La mythologie jörai, une « transposition dans l’ailleurs »
La place du rêve


UNE TRAVERSÉE DE L’IMAGINAIRE RELIGIEUX JÖRAI
Le jeune père Dournes attribue rapidement le relatif échec de son apostolat à sa méconnaisance de la religiosité des Jörai. Il faut essayer d’épouser leur pensée, au point presque de trouver que leur religion à eux, ce n’est pas si mal ! écrit-il, provocateur, à ses confrères, pour justifier sa volonté de pénétrer l’âme religieuse des Jörai. La tâche aurait été impossible à un ethnologue de passage : une population a tendance à cacher son âme.
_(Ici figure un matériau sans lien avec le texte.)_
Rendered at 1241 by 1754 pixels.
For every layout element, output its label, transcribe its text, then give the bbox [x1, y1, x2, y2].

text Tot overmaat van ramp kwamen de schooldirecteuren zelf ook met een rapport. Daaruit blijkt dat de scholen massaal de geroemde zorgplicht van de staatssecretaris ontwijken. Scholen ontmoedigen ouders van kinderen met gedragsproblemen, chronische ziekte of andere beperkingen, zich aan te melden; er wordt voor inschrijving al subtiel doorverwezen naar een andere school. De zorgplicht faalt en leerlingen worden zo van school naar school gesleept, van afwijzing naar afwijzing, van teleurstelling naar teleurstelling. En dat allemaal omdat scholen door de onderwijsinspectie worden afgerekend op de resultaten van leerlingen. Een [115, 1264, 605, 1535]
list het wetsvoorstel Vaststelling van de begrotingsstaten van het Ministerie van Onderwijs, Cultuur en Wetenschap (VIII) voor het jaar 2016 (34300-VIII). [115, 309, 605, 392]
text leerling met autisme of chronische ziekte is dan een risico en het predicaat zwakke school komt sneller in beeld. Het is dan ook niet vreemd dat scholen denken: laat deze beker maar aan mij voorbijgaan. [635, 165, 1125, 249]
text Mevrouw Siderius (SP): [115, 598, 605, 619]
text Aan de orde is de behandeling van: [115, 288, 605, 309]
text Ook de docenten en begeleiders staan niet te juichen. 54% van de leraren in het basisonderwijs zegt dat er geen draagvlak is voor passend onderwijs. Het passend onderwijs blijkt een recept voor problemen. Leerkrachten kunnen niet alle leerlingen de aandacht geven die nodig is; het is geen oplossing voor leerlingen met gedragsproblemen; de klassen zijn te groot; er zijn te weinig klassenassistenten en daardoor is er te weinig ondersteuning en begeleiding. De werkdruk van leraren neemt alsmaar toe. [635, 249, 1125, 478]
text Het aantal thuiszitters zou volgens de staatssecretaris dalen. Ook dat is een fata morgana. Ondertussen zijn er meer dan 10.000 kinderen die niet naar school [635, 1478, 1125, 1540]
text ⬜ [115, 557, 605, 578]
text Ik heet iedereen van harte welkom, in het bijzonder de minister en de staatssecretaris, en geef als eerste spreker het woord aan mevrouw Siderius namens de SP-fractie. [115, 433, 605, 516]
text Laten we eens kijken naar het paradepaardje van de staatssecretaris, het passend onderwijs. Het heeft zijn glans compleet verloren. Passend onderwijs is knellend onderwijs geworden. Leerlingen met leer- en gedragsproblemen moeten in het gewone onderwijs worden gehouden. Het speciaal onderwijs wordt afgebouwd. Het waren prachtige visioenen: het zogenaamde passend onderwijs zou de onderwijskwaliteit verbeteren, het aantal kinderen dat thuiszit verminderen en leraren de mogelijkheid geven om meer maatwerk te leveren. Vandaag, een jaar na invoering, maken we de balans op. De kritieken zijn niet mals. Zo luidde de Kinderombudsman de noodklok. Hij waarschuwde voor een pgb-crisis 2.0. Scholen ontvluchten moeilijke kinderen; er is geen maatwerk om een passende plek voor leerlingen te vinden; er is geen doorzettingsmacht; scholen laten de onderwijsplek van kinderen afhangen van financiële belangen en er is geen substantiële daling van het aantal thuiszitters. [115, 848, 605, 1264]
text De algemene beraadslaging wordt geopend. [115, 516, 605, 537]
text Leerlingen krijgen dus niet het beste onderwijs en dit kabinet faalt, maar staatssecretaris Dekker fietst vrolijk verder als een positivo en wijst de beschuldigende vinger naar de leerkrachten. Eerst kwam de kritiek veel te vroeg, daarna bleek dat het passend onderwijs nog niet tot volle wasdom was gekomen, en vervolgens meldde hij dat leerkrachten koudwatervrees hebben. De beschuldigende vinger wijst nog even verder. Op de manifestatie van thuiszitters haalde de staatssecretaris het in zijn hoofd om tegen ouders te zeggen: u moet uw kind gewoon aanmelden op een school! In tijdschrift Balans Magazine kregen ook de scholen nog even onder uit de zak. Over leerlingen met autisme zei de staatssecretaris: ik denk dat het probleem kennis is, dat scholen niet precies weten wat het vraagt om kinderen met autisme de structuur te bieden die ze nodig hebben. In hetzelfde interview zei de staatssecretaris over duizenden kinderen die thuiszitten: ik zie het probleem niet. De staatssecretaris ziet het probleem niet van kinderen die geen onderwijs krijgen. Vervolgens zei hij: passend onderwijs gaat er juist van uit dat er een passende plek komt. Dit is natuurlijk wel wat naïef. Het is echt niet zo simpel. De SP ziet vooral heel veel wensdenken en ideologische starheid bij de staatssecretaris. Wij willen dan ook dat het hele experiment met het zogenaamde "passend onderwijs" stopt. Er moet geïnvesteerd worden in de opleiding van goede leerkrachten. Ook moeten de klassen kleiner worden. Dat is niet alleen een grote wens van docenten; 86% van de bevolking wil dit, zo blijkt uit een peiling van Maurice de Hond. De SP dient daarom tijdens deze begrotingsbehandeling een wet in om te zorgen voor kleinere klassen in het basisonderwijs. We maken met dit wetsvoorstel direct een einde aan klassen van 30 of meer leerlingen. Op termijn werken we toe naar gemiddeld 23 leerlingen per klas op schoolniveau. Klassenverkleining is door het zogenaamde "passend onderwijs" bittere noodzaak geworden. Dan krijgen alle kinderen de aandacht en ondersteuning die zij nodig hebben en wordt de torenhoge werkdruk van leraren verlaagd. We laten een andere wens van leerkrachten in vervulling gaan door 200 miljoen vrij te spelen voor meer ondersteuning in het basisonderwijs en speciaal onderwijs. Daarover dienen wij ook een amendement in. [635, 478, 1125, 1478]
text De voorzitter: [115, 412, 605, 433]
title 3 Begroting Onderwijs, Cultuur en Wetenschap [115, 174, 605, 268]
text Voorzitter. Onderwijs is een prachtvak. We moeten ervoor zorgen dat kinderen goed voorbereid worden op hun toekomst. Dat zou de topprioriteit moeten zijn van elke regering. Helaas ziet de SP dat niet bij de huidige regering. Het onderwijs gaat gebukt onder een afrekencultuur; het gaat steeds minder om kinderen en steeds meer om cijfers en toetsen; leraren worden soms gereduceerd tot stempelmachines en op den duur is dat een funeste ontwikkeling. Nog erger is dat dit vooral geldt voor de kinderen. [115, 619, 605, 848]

Doté de temps et d’aisance linguistique, Dournes peut pénétrer l’intime, comprendre et catégoriser les usages religieux jörai.



« J’ai appris autant sur leur religion en regardant comment on plantait le riz ou comment on teignait en indigo les écheveaux de coton. Parce que tout cela aussi est lié à des rites religieux.«
De là l’observation que l’imaginaire religieux jörai repose, comme son écologie, sur un système de relations entre les éléments de l’univers. L’expression religieuse est ainsi la recherche d’un ordre, d’un équilibre permanent entre ces éléments. Ces relations sacrées sont personnifiées dans les yang, présents partout dans le cosmos et les éléments matériels. Que les yang bénéfiques restent propices et que les maléfiques rompent leur lien néfaste avec les humains, voilà l’objet des rituels et sacrifices.
Les garants de cet ordre cosmique sont les Pötao, désignés sous les noms de Maître Feu, Maître Eau et Maître Air, héritiers politiques des anciens rois jörai. Pendant quinze ans, Dournes est parvenu à côtoyer ces figures mystérieuses entre temporel et spirituel, à enregistrer leurs rituels, sans savoir qu’il leur consacrerait plus tard sa thèse d’Etat. Ce que Dournes fut le premier à saisir, ce sont les fonctions religieuses des Pötao, gardiens d’objets sacrés qui leur confèrent un pouvoir sur les éléments.



Rituels


Bénéfices et maléfices
Bénéfices et maléfices, voilà les forces qui viennent justifier dans le quotidien jörai les talismans, la lecture des augures, et surtout la répétition inlassable des rites et sacrifices. Dournes relève qu’une même famille en une même semaine peut sacrifier chaque jour un nouvel animal, si le chamane l’a commandé. Le sacrifice met en scène l’offrande sanglante d’un animal domestique, poule, cochon ou buffle, victime précieuse, élevée au village pour les sacrifices les plus spectaculaires.
Si le sacrifice est occasionnel, le rite, lui, habite toute action, qu’il soit agraire, domestique, guerrier ou funéraire. Il recouvre à la fois des formules, paroles invocatoires mémorisées par les femmes et prononcées par les hommes, et une gestuelle. Le son du tambour, des gongs et autres instruments rythme les activités liturgiques, avec l’arrière-pensée qu’il aura peut-être une efficacité magique lui aussi.
Bière de riz
Autre matière à sacrifice offerte en libation : la bière de riz, agrémentée de végétaux stupéfiants. Les yangs sont invités à joindre le cercle des buveurs autour de la jarre, à consommer l’apaisant liquide par le chalumeau de bambou qui leur est réservé, au son des mélopées rituelles.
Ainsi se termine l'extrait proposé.